RECORDS TO USE:
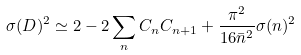<formula> <loc_0><loc_0><loc_500><loc_500>\sigma ( D ) ^ { 2 } \simeq 2 - 2 \sum _ { n } C _ { n } C _ { n + 1 } + \frac { \pi ^ { 2 } } { 1 6 \bar { n } ^ { 2 } } \sigma ( n ) ^ { 2 }</formula> 
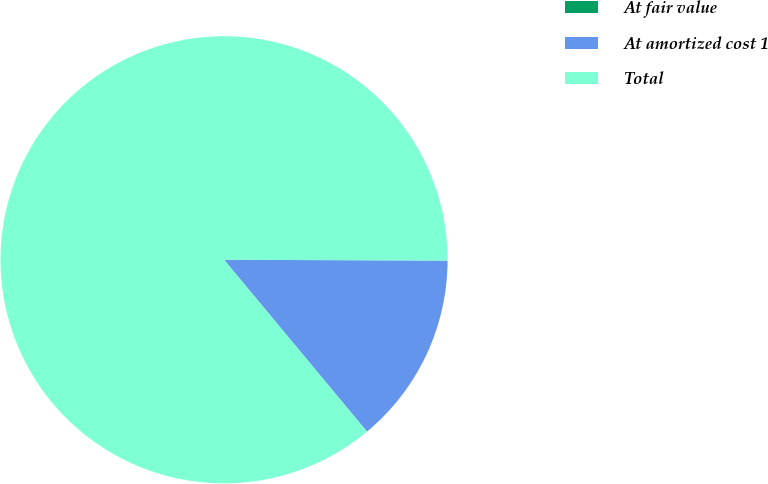Convert chart to OTSL. <chart><loc_0><loc_0><loc_500><loc_500><pie_chart><fcel>At fair value<fcel>At amortized cost 1<fcel>Total<nl><fcel>0.01%<fcel>13.9%<fcel>86.09%<nl></chart> 
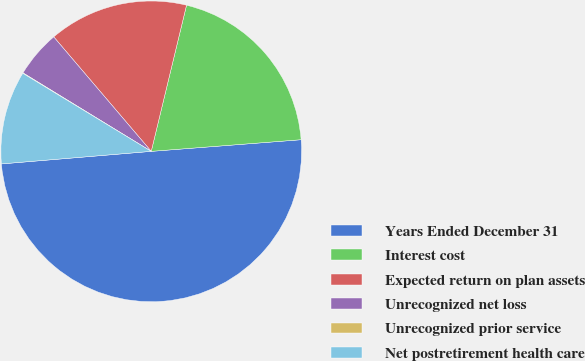Convert chart to OTSL. <chart><loc_0><loc_0><loc_500><loc_500><pie_chart><fcel>Years Ended December 31<fcel>Interest cost<fcel>Expected return on plan assets<fcel>Unrecognized net loss<fcel>Unrecognized prior service<fcel>Net postretirement health care<nl><fcel>49.9%<fcel>19.99%<fcel>15.0%<fcel>5.03%<fcel>0.05%<fcel>10.02%<nl></chart> 
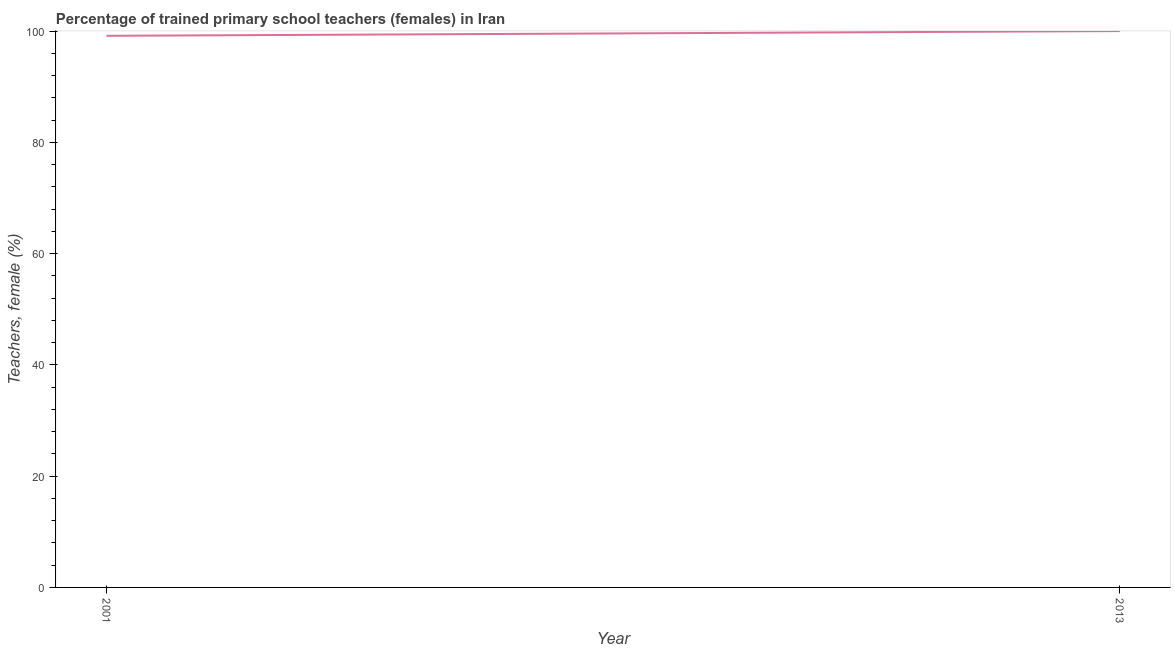What is the percentage of trained female teachers in 2013?
Your response must be concise. 100. Across all years, what is the minimum percentage of trained female teachers?
Provide a short and direct response. 99.14. In which year was the percentage of trained female teachers maximum?
Your answer should be very brief. 2013. In which year was the percentage of trained female teachers minimum?
Provide a succinct answer. 2001. What is the sum of the percentage of trained female teachers?
Your answer should be very brief. 199.14. What is the difference between the percentage of trained female teachers in 2001 and 2013?
Offer a very short reply. -0.86. What is the average percentage of trained female teachers per year?
Offer a terse response. 99.57. What is the median percentage of trained female teachers?
Provide a short and direct response. 99.57. In how many years, is the percentage of trained female teachers greater than 68 %?
Your answer should be compact. 2. What is the ratio of the percentage of trained female teachers in 2001 to that in 2013?
Your response must be concise. 0.99. Is the percentage of trained female teachers in 2001 less than that in 2013?
Your answer should be compact. Yes. Does the percentage of trained female teachers monotonically increase over the years?
Keep it short and to the point. Yes. Does the graph contain grids?
Provide a succinct answer. No. What is the title of the graph?
Give a very brief answer. Percentage of trained primary school teachers (females) in Iran. What is the label or title of the X-axis?
Keep it short and to the point. Year. What is the label or title of the Y-axis?
Give a very brief answer. Teachers, female (%). What is the Teachers, female (%) in 2001?
Provide a short and direct response. 99.14. What is the Teachers, female (%) of 2013?
Keep it short and to the point. 100. What is the difference between the Teachers, female (%) in 2001 and 2013?
Your response must be concise. -0.86. 
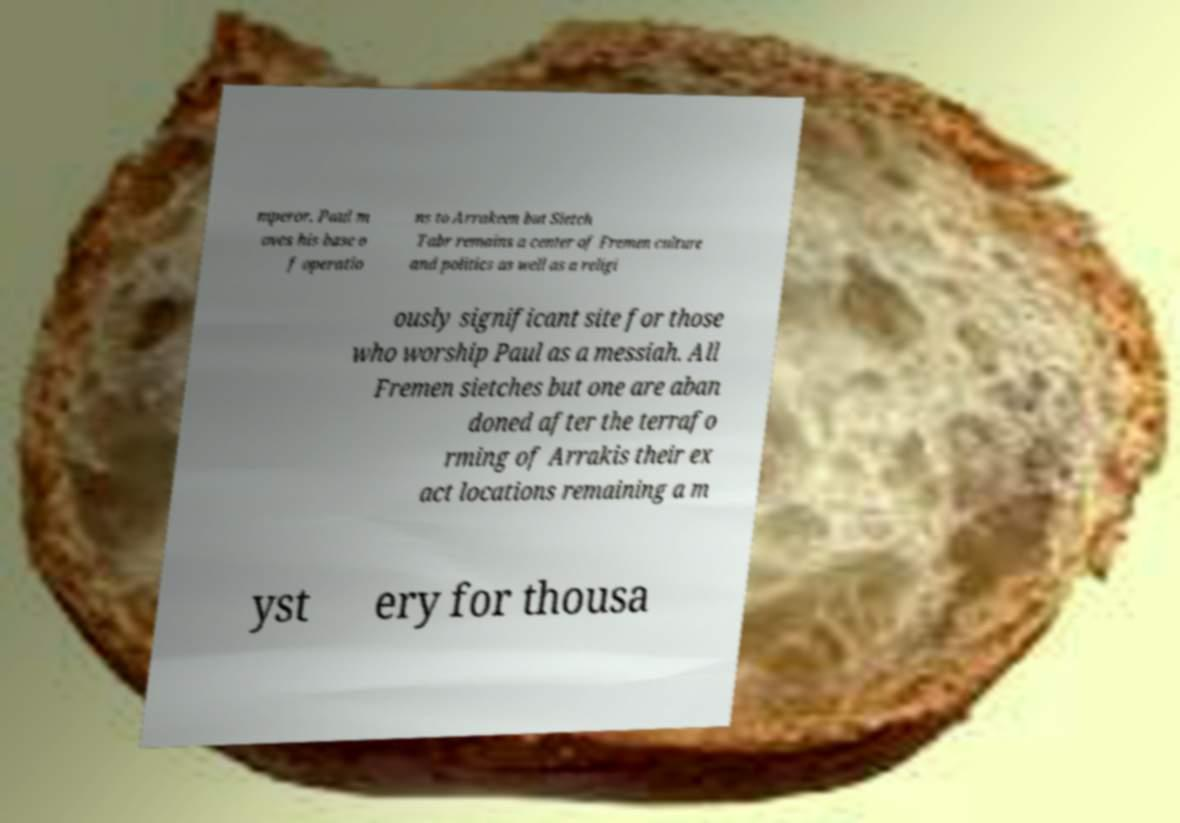Could you assist in decoding the text presented in this image and type it out clearly? mperor. Paul m oves his base o f operatio ns to Arrakeen but Sietch Tabr remains a center of Fremen culture and politics as well as a religi ously significant site for those who worship Paul as a messiah. All Fremen sietches but one are aban doned after the terrafo rming of Arrakis their ex act locations remaining a m yst ery for thousa 
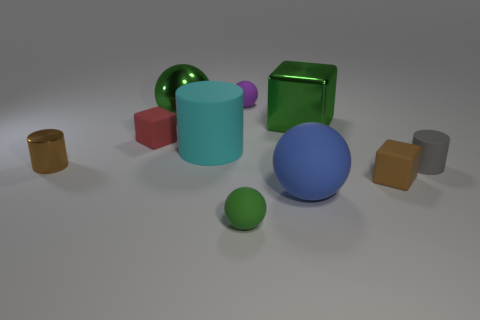Are there more big things than large cyan metallic cubes?
Your answer should be very brief. Yes. Are any tiny green matte objects visible?
Your answer should be very brief. Yes. How many objects are small brown objects that are left of the cyan rubber object or objects in front of the small gray matte cylinder?
Ensure brevity in your answer.  4. Do the big shiny sphere and the big block have the same color?
Your response must be concise. Yes. Is the number of tiny gray objects less than the number of tiny green metal cylinders?
Keep it short and to the point. No. Are there any matte cylinders left of the large green block?
Ensure brevity in your answer.  Yes. Is the purple object made of the same material as the red block?
Provide a short and direct response. Yes. There is another small matte thing that is the same shape as the cyan rubber thing; what color is it?
Make the answer very short. Gray. There is a metal object on the right side of the purple matte thing; does it have the same color as the shiny ball?
Provide a short and direct response. Yes. The shiny thing that is the same color as the metallic ball is what shape?
Provide a short and direct response. Cube. 
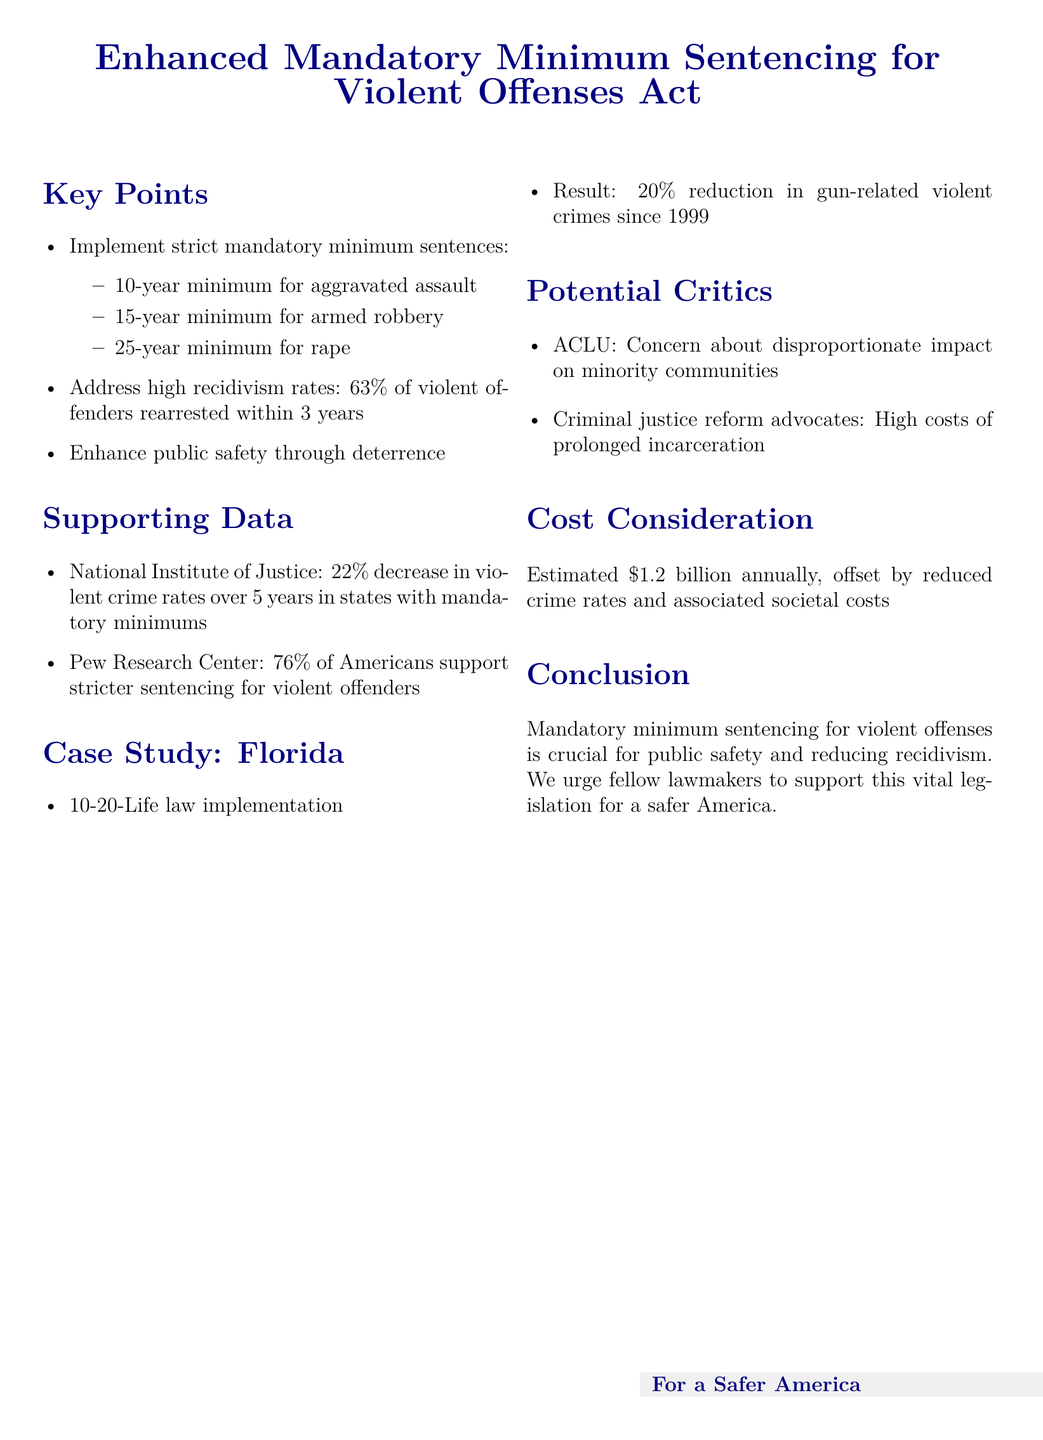What is the proposed minimum sentence for armed robbery? The document states the proposed minimum sentence for armed robbery is 15 years.
Answer: 15-year minimum What percentage of violent offenders are rearrested within 3 years? The document mentions that 63% of violent offenders are rearrested within 3 years.
Answer: 63% What was the decrease in violent crime rates over 5 years in states with mandatory minimums? The document cites a 22% decrease in violent crime rates over 5 years in states with mandatory minimums.
Answer: 22% What is the estimated annual cost of implementing the proposal? The document lists the estimated annual cost of implementing the proposal as $1.2 billion.
Answer: $1.2 billion What law did Florida implement related to sentencing? The document references Florida's 10-20-Life law as significant in its sentencing practices.
Answer: 10-20-Life law What did 76% of Americans support regarding sentencing for violent offenders? According to the document, 76% of Americans support stricter sentencing for violent offenders.
Answer: Stricter sentencing What impact did the 10-20-Life law have on gun-related violent crimes since 1999? The document states that the law resulted in a 20% reduction in gun-related violent crimes since 1999.
Answer: 20% reduction Who expressed concern about the proposal's impact on minority communities? The ACLU is mentioned as expressing concern about the disproportionate impact on minority communities.
Answer: ACLU What is the primary goal of the Enhanced Mandatory Minimum Sentencing for Violent Offenses Act? The document emphasizes that the primary goal is public safety and reducing recidivism.
Answer: Public safety and reducing recidivism 
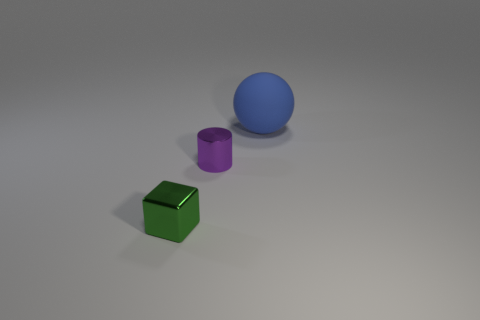Are there any other things that have the same color as the metal cylinder?
Offer a terse response. No. How big is the metal thing that is in front of the tiny thing behind the tiny thing to the left of the purple cylinder?
Your answer should be very brief. Small. There is a thing that is both left of the blue matte thing and to the right of the block; what is its color?
Offer a very short reply. Purple. There is a metallic object that is behind the metallic block; how big is it?
Keep it short and to the point. Small. What number of large spheres have the same material as the tiny purple object?
Provide a succinct answer. 0. There is a tiny block that is the same material as the small purple thing; what color is it?
Keep it short and to the point. Green. There is a large ball behind the tiny object that is in front of the purple shiny object; is there a purple cylinder that is in front of it?
Your response must be concise. Yes. The green metallic object is what shape?
Your answer should be compact. Cube. Is the number of cubes that are to the left of the green thing less than the number of green metal things?
Provide a succinct answer. Yes. What shape is the thing that is the same size as the purple cylinder?
Make the answer very short. Cube. 
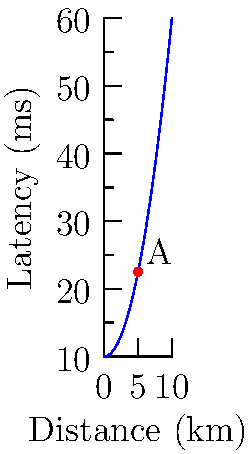The graph represents the relationship between network latency and distance for a specific network configuration. The latency $L$ (in milliseconds) is given by the function $L(d) = 10 + 0.5d^2$, where $d$ is the distance in kilometers. At point A, where $d = 5$ km, what is the instantaneous rate of change of latency with respect to distance? To find the instantaneous rate of change of latency with respect to distance at point A, we need to calculate the derivative of the latency function $L(d)$ at $d = 5$ km.

1. Given latency function: $L(d) = 10 + 0.5d^2$

2. To find the derivative, we use the power rule:
   $\frac{dL}{dd} = 0 + 0.5 \cdot 2d^{1} = d$

3. The derivative function is: $L'(d) = d$

4. At point A, $d = 5$ km, so we evaluate $L'(5)$:
   $L'(5) = 5$

5. Interpret the result: At point A, the instantaneous rate of change of latency with respect to distance is 5 ms/km.
Answer: 5 ms/km

EXERCISE PROMPT:
In the data above, how many lines contain the word "matte"? Write the number only.

EXERCISE RESULT:
6